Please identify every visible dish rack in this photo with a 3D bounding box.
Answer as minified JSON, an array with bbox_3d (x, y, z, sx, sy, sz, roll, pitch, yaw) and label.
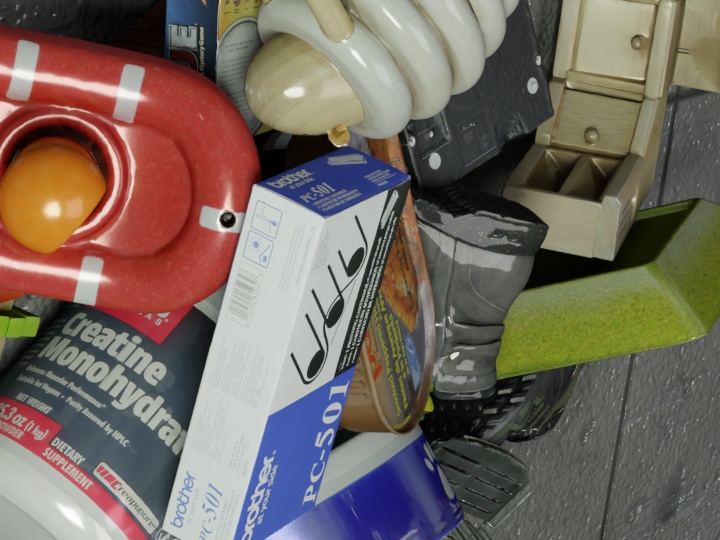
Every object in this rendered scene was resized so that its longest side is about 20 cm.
[{"bbox_3d":[0.036,0.201,1.566,0.200,0.055,0.153,-47,146,11],"label":"dish rack"}]

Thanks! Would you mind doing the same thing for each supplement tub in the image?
[{"bbox_3d":[-0.121,0.077,1.258,0.200,0.140,0.140,-50,142,-24],"label":"supplement tub"}]

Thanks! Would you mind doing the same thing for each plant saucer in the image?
[{"bbox_3d":[0.156,0.007,1.533,0.200,0.200,0.048,-43,117,-60],"label":"plant saucer"}]

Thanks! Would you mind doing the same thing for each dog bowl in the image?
[{"bbox_3d":[-0.041,0.161,1.361,0.200,0.200,0.079,-30,90,-42],"label":"dog bowl"}]

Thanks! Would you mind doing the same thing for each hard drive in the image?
[{"bbox_3d":[0.045,-0.161,1.401,0.140,0.038,0.200,-35,119,-39],"label":"hard drive"}]

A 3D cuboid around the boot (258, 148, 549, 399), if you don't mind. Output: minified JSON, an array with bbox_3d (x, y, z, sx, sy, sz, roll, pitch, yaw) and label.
[{"bbox_3d":[0.009,0.009,1.356,0.200,0.070,0.132,15,105,-17],"label":"boot"}]

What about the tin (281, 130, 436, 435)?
[{"bbox_3d":[0.000,0.000,1.257,0.112,0.042,0.200,-67,149,-55],"label":"tin"}]

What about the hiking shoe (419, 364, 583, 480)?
[{"bbox_3d":[0.110,0.099,1.642,0.200,0.076,0.101,-43,138,-30],"label":"hiking shoe"}]

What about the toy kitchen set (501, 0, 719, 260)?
[{"bbox_3d":[0.200,-0.125,1.512,0.180,0.163,0.200,-50,149,-65],"label":"toy kitchen set"}]

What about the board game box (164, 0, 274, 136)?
[{"bbox_3d":[-0.036,-0.150,1.237,0.200,0.035,0.136,-22,120,-57],"label":"board game box"}]

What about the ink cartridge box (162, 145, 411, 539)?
[{"bbox_3d":[-0.038,0.042,1.156,0.094,0.044,0.200,-27,138,-57],"label":"ink cartridge box"}]

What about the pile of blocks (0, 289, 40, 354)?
[{"bbox_3d":[-0.217,0.059,1.188,0.200,0.062,0.082,-60,145,-11],"label":"pile of blocks"}]

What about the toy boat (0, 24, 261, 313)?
[{"bbox_3d":[-0.146,-0.042,1.102,0.199,0.131,0.131,10,103,-9],"label":"toy boat"}]

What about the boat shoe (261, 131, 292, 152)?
[{"bbox_3d":[0.002,-0.023,1.432,0.200,0.065,0.074,36,59,-32],"label":"boat shoe"}]

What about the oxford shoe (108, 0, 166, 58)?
[{"bbox_3d":[-0.086,-0.117,1.262,0.200,0.070,0.075,-56,146,-17],"label":"oxford shoe"}]

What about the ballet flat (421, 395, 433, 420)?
[{"bbox_3d":[-0.006,0.054,1.470,0.200,0.067,0.067,16,93,-54],"label":"ballet flat"}]

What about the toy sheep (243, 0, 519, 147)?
[{"bbox_3d":[0.016,-0.145,1.161,0.200,0.138,0.138,-44,140,-14],"label":"toy sheep"}]
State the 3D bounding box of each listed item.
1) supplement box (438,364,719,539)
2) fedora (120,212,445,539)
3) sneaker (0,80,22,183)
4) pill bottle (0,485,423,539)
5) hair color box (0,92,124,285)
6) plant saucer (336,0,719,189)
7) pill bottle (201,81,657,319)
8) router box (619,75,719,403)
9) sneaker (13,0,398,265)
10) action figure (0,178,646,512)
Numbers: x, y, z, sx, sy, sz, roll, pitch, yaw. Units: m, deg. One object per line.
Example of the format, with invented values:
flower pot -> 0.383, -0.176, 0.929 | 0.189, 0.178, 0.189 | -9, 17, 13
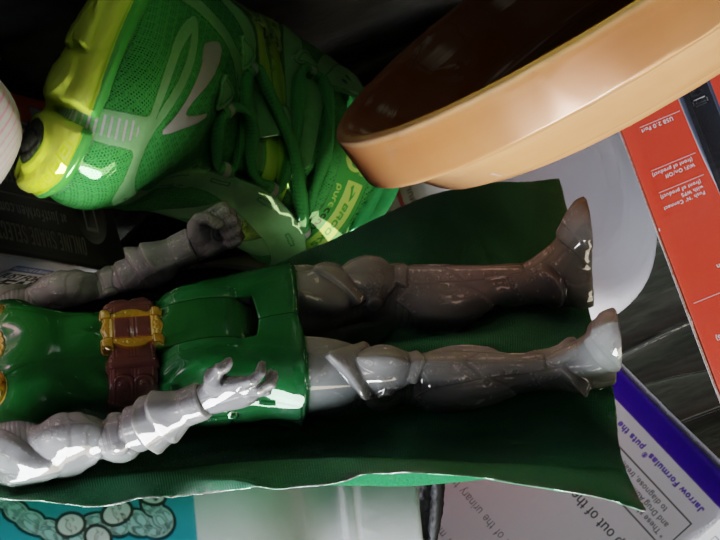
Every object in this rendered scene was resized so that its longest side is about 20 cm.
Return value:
supplement box -> 0.050, 0.136, 0.896 | 0.200, 0.103, 0.101 | -43, 138, -1
fedora -> -0.068, 0.061, 0.841 | 0.091, 0.201, 0.200 | 1, 157, -46
sneaker -> -0.155, -0.028, 0.684 | 0.200, 0.075, 0.105 | 5, -125, 56
pill bottle -> -0.084, 0.081, 0.714 | 0.199, 0.111, 0.111 | -5, 165, -6
hair color box -> -0.188, 0.007, 0.807 | 0.199, 0.064, 0.111 | -22, 168, 19
plant saucer -> 0.084, -0.080, 0.687 | 0.200, 0.032, 0.200 | -34, -170, 7
pill bottle -> 0.000, 0.000, 0.922 | 0.200, 0.113, 0.112 | -29, 163, 39
router box -> 0.146, -0.016, 0.905 | 0.049, 0.180, 0.200 | -22, 166, 15
sneaker -> -0.033, -0.042, 0.728 | 0.074, 0.083, 0.200 | -64, 165, 10
action figure -> -0.035, 0.022, 0.661 | 0.199, 0.118, 0.055 | -8, 133, -4
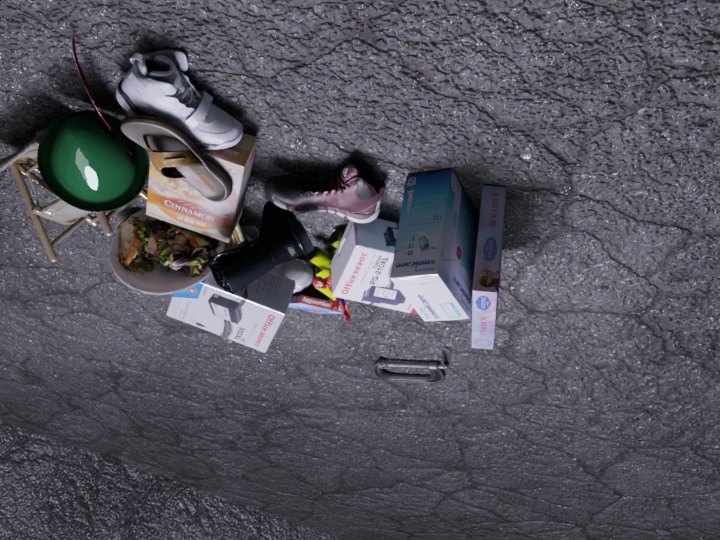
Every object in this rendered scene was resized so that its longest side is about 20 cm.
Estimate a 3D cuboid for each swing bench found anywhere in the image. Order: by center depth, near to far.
[{"bbox_3d":[-0.508,-0.148,1.513,0.198,0.130,0.200,-16,116,41],"label":"swing bench"}]

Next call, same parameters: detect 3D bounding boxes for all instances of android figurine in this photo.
[{"bbox_3d":[0.000,0.000,1.664,0.182,0.041,0.200,-33,128,30],"label":"android figurine"}]

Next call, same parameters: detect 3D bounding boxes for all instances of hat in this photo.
[{"bbox_3d":[-0.409,-0.204,1.319,0.200,0.166,0.176,41,157,-4],"label":"hat"}]

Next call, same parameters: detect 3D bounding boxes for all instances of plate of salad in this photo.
[{"bbox_3d":[-0.335,-0.047,1.508,0.199,0.201,0.048,8,144,6],"label":"plate of salad"}]

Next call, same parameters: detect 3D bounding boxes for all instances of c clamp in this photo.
[{"bbox_3d":[0.118,0.232,2.078,0.199,0.027,0.171,-2,153,20],"label":"c clamp"}]

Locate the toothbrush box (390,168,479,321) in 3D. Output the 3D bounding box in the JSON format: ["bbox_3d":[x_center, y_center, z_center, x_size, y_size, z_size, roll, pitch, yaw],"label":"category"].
[{"bbox_3d":[0.125,-0.039,1.419,0.085,0.201,0.147,-5,146,27],"label":"toothbrush box"}]

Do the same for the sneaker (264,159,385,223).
[{"bbox_3d":[-0.052,-0.148,1.436,0.199,0.076,0.116,8,145,-14],"label":"sneaker"}]

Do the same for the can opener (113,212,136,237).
[{"bbox_3d":[-0.372,-0.069,1.686,0.199,0.079,0.063,1,160,-8],"label":"can opener"}]

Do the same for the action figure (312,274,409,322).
[{"bbox_3d":[0.003,0.062,1.628,0.199,0.099,0.065,15,148,-11],"label":"action figure"}]

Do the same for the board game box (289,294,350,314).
[{"bbox_3d":[-0.101,0.070,1.789,0.102,0.020,0.200,15,173,-19],"label":"board game box"}]

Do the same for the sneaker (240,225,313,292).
[{"bbox_3d":[-0.186,-0.020,1.671,0.199,0.075,0.115,13,152,0],"label":"sneaker"}]

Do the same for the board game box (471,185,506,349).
[{"bbox_3d":[0.212,-0.002,1.453,0.041,0.201,0.200,4,151,9],"label":"board game box"}]

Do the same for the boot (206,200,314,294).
[{"bbox_3d":[-0.183,-0.045,1.480,0.168,0.200,0.077,-27,119,-8],"label":"boot"}]

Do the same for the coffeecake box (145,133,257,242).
[{"bbox_3d":[-0.265,-0.154,1.444,0.153,0.073,0.200,19,142,-3],"label":"coffeecake box"}]

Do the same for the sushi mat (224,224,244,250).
[{"bbox_3d":[-0.257,-0.074,1.584,0.095,0.012,0.201,-4,116,29],"label":"sushi mat"}]

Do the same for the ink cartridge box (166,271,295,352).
[{"bbox_3d":[-0.236,0.051,1.591,0.199,0.084,0.145,22,140,-9],"label":"ink cartridge box"}]

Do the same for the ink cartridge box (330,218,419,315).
[{"bbox_3d":[0.060,-0.007,1.564,0.199,0.085,0.145,12,135,-14],"label":"ink cartridge box"}]

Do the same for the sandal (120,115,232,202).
[{"bbox_3d":[-0.281,-0.162,1.334,0.081,0.055,0.200,-16,132,39],"label":"sandal"}]

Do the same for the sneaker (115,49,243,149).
[{"bbox_3d":[-0.261,-0.254,1.302,0.199,0.075,0.115,23,152,-13],"label":"sneaker"}]
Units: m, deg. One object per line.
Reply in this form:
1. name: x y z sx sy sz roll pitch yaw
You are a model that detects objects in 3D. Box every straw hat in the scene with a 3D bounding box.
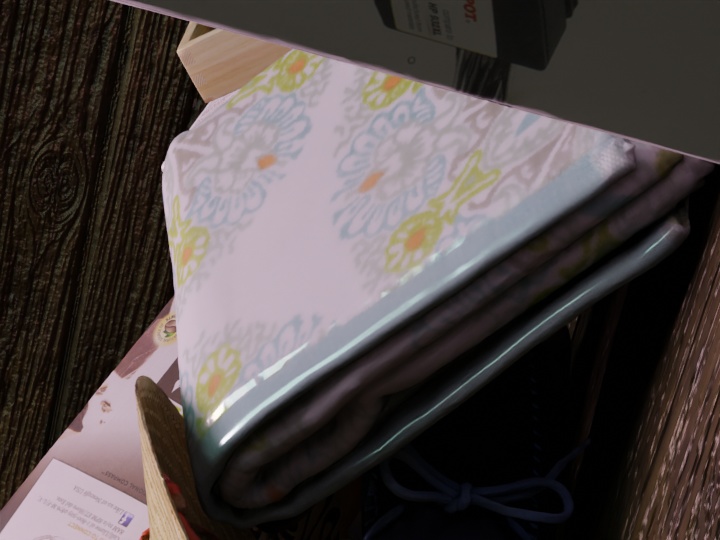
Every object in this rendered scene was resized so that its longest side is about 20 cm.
1. straw hat: -0.068 0.136 0.792 0.202 0.085 0.201 62 180 1

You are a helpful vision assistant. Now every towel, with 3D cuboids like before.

What to produce:
In your answer, include only the lines above starting at the line that holds "Do the same for the sushi" and ending at the line that holds "You are a model", copied exactly.

Answer to the exercise:
Do the same for the sushi mat (224,224,244,250).
[{"bbox_3d":[-0.257,-0.074,1.584,0.095,0.012,0.201,-4,116,29],"label":"sushi mat"}]

Do the same for the ink cartridge box (166,271,295,352).
[{"bbox_3d":[-0.236,0.051,1.591,0.199,0.084,0.145,22,140,-9],"label":"ink cartridge box"}]

Do the same for the ink cartridge box (330,218,419,315).
[{"bbox_3d":[0.060,-0.007,1.564,0.199,0.085,0.145,12,135,-14],"label":"ink cartridge box"}]

Do the same for the sandal (120,115,232,202).
[{"bbox_3d":[-0.281,-0.162,1.334,0.081,0.055,0.200,-16,132,39],"label":"sandal"}]

Do the same for the sneaker (115,49,243,149).
[{"bbox_3d":[-0.261,-0.254,1.302,0.199,0.075,0.115,23,152,-13],"label":"sneaker"}]
Units: m, deg. One object per line.
Reply in this form:
1. name: x y z sx sy sz roll pitch yaw
You are a model that detects objects in 3D. Box every straw hat in the scene with a 3D bounding box.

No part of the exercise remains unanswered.